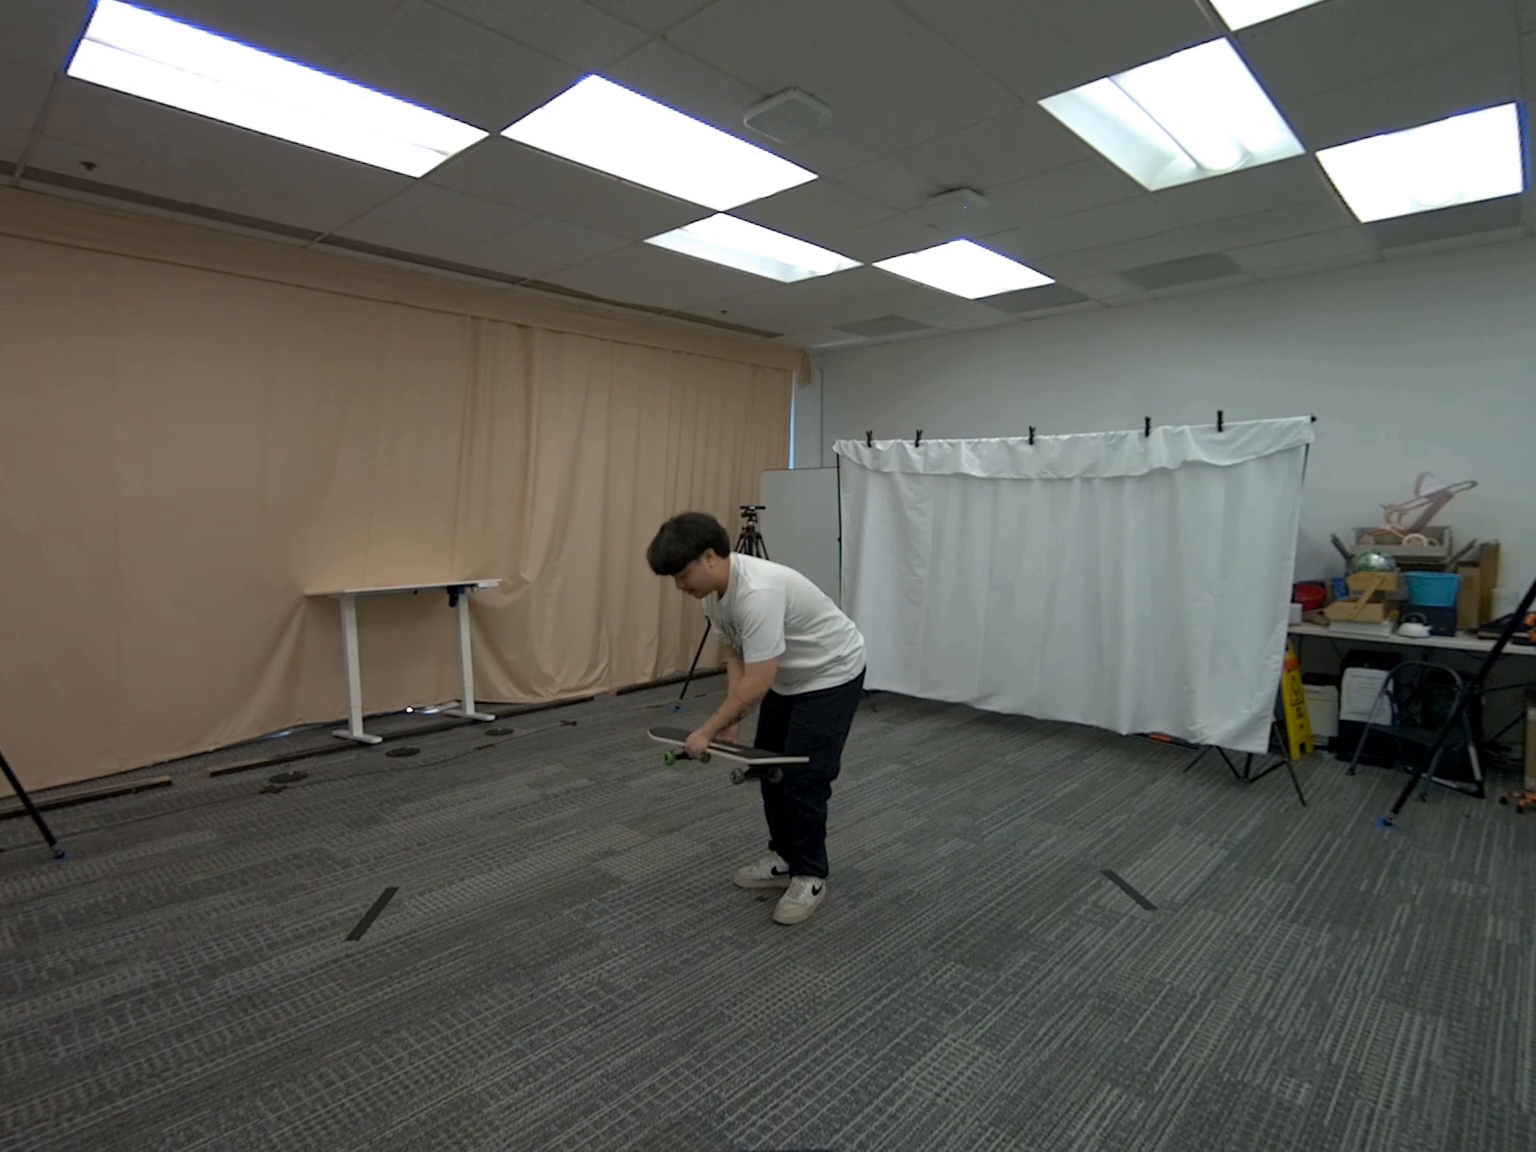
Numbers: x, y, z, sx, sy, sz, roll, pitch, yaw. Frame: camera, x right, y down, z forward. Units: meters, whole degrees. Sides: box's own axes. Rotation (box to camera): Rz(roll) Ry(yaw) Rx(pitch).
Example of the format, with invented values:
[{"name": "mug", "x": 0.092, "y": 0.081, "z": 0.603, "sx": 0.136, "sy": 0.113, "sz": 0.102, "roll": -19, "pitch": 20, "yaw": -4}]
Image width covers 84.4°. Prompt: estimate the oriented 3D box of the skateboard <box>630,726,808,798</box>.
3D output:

§ Assignment:
What you produce should repeat the data word for word while omitting all images.

§ Response below:
Numbers: x, y, z, sx, sy, sz, roll, pitch, yaw. Frame: camera, x right, y down, z forward. Units: meters, whole degrees. Sides: box's own axes. Rotation (box to camera): Rz(roll) Ry(yaw) Rx(pitch).
Example of the format, with invented values:
[{"name": "mug", "x": 0.092, "y": 0.081, "z": 0.603, "sx": 0.136, "sy": 0.113, "sz": 0.102, "roll": -19, "pitch": 20, "yaw": -4}]
Image width covers 84.4°. Prompt: estimate the oriented 3D box of the skateboard <box>630,726,808,798</box>.
3D output:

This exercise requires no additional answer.